* Exercise goal
Please copy out the lines in the entries that contain "instrument".

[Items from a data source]
------------------------------------------------

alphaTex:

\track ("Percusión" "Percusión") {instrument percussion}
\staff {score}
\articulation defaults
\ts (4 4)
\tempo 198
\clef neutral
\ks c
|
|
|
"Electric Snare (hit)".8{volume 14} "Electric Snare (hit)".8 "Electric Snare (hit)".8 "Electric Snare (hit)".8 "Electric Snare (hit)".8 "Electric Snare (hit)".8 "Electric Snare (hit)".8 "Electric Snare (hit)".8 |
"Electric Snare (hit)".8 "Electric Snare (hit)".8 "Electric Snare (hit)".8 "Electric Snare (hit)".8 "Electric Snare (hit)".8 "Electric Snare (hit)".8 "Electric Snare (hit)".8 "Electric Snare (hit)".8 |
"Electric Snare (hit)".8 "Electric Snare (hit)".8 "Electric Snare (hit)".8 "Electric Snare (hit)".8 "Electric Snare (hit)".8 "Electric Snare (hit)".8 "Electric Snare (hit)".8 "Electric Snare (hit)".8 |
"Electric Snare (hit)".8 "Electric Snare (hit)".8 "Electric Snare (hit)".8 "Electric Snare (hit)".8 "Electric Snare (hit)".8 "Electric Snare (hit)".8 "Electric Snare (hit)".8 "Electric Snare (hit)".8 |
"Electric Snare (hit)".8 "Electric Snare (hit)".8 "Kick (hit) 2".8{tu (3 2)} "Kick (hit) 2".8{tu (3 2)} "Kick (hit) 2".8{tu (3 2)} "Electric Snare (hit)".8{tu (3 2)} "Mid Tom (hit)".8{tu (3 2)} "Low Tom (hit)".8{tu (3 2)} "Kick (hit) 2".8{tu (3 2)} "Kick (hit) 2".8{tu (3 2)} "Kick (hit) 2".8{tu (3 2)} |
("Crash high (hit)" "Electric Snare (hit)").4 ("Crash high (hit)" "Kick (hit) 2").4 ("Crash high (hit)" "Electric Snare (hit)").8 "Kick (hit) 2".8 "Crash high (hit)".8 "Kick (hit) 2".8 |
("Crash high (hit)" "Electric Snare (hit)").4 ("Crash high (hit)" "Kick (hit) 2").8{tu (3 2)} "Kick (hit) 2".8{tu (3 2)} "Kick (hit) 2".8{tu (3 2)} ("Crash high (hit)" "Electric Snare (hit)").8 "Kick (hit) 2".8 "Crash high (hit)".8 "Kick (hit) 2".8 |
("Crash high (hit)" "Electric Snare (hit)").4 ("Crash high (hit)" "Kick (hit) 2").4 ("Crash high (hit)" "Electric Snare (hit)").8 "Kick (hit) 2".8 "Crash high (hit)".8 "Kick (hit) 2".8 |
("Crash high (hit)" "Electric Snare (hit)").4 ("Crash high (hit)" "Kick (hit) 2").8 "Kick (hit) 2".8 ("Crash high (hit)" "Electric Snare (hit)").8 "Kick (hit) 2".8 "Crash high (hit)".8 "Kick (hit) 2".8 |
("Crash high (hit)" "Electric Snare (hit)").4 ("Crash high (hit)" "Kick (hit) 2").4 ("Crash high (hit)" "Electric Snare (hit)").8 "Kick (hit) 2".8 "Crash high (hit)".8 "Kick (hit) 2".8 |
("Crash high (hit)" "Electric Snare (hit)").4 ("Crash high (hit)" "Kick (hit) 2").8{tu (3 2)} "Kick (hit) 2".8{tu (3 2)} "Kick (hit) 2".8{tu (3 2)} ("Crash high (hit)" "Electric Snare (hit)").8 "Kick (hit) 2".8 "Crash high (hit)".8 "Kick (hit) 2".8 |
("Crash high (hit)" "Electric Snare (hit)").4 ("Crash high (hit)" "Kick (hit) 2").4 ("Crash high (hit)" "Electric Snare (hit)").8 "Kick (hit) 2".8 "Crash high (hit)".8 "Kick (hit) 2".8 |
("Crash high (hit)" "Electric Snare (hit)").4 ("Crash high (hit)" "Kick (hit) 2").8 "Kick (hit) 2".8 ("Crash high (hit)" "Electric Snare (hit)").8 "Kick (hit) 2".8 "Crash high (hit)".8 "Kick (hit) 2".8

------------------------------------------------

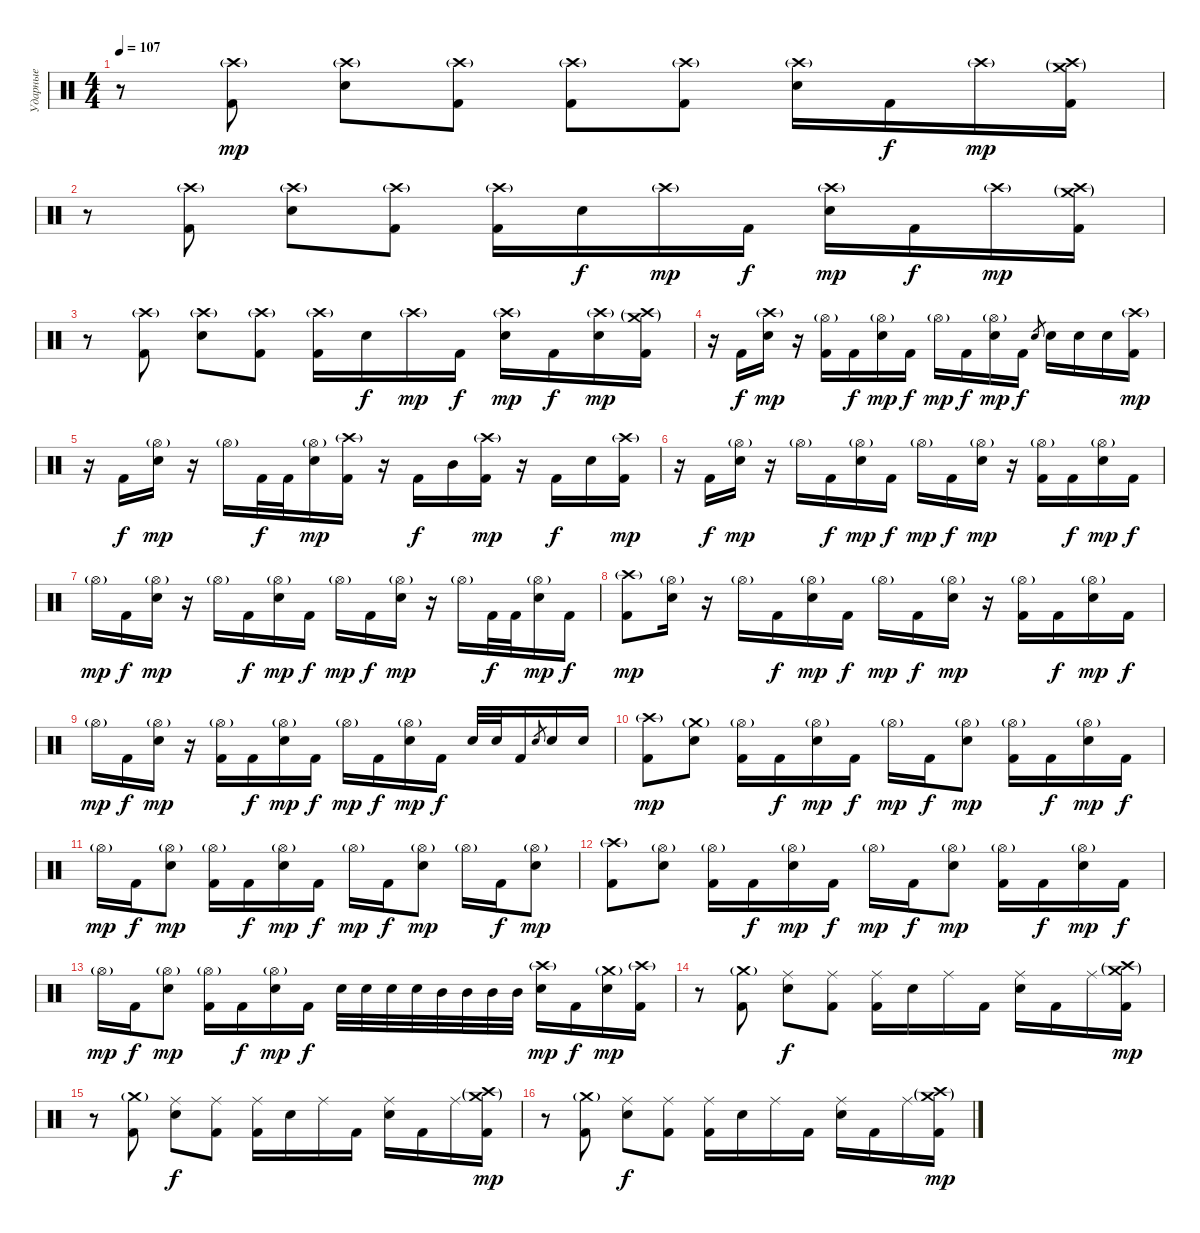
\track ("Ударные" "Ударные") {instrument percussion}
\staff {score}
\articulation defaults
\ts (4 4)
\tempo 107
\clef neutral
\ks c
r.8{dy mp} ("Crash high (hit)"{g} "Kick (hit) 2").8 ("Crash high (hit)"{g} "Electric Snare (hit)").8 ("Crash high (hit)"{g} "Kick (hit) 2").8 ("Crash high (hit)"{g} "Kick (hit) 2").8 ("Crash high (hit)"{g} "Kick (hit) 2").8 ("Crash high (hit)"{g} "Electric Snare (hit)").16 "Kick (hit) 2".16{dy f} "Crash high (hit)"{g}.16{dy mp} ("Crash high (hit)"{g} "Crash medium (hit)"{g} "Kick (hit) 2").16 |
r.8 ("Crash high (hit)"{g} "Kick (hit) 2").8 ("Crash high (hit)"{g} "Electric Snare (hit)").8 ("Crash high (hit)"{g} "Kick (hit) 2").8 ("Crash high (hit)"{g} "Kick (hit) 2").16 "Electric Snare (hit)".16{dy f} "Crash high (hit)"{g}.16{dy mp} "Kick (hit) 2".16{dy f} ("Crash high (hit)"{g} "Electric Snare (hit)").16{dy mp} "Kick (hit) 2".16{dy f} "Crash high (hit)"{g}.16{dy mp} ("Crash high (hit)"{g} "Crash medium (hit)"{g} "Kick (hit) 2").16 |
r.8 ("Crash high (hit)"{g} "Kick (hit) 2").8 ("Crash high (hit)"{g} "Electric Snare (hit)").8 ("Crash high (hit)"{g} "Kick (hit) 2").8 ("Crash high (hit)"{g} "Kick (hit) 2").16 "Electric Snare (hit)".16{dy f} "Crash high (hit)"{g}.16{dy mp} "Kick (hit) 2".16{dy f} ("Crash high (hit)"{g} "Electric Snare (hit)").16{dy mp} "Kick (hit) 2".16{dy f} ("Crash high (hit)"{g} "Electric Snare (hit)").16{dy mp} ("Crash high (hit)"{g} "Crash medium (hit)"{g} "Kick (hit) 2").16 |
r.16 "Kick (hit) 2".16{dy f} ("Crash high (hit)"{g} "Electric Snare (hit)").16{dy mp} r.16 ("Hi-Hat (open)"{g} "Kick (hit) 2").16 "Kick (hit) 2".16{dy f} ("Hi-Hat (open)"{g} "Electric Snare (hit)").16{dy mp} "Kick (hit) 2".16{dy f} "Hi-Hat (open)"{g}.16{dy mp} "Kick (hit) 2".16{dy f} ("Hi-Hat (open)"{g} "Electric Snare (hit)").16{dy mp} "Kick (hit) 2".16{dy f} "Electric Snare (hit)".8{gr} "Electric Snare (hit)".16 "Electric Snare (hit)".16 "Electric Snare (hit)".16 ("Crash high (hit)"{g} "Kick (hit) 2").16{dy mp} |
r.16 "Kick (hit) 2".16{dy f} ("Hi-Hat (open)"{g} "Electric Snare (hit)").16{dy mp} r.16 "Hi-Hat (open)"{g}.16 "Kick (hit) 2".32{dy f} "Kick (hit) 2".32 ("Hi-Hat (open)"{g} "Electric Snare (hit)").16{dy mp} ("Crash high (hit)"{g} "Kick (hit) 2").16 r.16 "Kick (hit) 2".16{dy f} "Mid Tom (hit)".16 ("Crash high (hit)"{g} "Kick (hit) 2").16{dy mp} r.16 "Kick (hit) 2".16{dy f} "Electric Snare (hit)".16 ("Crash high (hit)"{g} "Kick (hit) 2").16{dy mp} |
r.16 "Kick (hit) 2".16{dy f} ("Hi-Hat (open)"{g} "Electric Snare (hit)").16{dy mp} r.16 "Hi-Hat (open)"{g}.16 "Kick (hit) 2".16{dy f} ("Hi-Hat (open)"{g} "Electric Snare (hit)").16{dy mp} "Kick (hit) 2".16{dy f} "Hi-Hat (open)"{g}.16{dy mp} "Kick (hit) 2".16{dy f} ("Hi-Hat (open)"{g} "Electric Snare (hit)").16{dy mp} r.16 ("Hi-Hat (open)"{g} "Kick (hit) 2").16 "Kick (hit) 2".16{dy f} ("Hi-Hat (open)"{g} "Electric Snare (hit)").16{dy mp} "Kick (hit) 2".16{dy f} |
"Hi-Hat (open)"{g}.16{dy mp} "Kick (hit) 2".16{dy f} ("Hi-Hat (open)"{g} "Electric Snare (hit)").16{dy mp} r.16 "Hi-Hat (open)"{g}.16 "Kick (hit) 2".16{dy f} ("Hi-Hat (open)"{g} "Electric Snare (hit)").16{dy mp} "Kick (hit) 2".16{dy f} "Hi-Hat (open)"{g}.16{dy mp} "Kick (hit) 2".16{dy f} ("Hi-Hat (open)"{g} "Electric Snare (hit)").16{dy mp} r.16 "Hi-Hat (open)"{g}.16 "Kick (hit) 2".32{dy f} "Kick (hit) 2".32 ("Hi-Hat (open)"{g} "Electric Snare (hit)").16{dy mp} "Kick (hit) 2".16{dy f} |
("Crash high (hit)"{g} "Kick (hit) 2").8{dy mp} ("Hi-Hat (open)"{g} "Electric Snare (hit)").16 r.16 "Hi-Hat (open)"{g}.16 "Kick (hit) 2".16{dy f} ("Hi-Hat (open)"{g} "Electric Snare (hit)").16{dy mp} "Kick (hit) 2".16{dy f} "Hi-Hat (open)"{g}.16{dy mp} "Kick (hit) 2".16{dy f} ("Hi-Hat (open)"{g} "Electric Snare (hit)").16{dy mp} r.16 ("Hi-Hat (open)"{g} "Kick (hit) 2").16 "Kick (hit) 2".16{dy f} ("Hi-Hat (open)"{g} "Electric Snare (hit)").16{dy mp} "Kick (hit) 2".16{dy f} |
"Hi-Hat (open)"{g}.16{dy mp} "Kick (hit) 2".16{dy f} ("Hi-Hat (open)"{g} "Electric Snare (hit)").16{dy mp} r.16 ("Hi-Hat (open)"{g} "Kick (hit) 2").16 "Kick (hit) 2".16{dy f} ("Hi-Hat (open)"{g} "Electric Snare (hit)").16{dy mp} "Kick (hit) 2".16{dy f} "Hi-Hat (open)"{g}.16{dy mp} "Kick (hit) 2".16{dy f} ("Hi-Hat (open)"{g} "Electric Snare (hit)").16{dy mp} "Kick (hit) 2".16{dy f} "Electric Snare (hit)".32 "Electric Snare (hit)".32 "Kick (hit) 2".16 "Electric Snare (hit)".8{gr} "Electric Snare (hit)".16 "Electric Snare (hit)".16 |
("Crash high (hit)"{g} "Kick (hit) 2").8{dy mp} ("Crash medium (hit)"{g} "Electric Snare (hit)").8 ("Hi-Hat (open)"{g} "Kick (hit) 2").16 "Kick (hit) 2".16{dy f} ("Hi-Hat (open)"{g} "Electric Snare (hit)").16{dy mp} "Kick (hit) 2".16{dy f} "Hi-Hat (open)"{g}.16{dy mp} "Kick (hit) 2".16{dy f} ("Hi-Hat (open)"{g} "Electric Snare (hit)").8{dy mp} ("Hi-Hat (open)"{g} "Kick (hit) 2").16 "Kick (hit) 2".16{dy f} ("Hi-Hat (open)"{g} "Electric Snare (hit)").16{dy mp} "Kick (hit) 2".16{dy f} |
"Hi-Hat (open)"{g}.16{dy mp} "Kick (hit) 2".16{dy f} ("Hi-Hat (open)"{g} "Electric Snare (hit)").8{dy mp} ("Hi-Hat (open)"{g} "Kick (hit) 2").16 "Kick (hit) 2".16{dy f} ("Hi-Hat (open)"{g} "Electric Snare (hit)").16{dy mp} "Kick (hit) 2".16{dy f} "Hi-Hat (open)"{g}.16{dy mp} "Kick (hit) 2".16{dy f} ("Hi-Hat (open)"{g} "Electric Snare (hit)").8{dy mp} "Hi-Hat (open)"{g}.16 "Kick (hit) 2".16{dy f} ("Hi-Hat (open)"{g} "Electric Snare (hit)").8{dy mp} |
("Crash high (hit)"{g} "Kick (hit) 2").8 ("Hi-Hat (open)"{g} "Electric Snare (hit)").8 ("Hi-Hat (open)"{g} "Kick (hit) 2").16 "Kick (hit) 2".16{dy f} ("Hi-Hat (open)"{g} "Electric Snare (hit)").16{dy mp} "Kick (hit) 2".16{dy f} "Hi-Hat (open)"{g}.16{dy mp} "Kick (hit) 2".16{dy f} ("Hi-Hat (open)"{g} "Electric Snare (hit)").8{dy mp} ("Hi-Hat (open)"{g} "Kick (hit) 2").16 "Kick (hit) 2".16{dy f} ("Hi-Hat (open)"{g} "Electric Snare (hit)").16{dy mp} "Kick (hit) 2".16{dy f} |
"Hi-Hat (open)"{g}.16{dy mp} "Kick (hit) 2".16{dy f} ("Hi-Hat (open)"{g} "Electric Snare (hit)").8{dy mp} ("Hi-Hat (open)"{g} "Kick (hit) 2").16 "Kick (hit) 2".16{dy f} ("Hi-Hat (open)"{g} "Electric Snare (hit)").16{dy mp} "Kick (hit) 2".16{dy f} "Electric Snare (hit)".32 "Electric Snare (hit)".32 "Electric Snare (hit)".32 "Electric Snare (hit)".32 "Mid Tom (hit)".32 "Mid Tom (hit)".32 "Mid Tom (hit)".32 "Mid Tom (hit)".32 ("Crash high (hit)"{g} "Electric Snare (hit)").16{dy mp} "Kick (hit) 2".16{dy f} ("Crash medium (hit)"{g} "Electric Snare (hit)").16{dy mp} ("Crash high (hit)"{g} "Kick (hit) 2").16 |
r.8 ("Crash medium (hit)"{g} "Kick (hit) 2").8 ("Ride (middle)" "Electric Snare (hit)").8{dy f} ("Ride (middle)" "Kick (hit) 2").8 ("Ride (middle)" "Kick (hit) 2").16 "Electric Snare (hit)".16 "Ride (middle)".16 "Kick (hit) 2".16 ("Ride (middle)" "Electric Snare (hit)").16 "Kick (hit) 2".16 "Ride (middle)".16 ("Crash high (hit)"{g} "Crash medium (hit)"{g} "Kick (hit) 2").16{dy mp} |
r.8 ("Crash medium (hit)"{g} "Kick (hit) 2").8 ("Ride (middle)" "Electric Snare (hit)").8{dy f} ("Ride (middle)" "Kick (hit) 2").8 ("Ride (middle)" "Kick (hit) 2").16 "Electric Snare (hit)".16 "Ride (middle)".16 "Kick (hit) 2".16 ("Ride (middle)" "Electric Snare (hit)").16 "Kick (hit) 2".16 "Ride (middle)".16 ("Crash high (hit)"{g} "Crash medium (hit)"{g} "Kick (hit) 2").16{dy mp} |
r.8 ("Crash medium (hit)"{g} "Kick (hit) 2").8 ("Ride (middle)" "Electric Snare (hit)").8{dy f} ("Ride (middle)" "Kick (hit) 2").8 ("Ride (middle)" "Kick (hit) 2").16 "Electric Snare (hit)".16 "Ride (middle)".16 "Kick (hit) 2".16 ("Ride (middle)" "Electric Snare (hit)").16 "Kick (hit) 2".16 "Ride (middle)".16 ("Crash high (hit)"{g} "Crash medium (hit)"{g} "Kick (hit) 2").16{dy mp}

------------------------------------------------

* Task answer
\track ("Percusión" "Percusión") {instrument percussion}
\track ("Ударные" "Ударные") {instrument percussion}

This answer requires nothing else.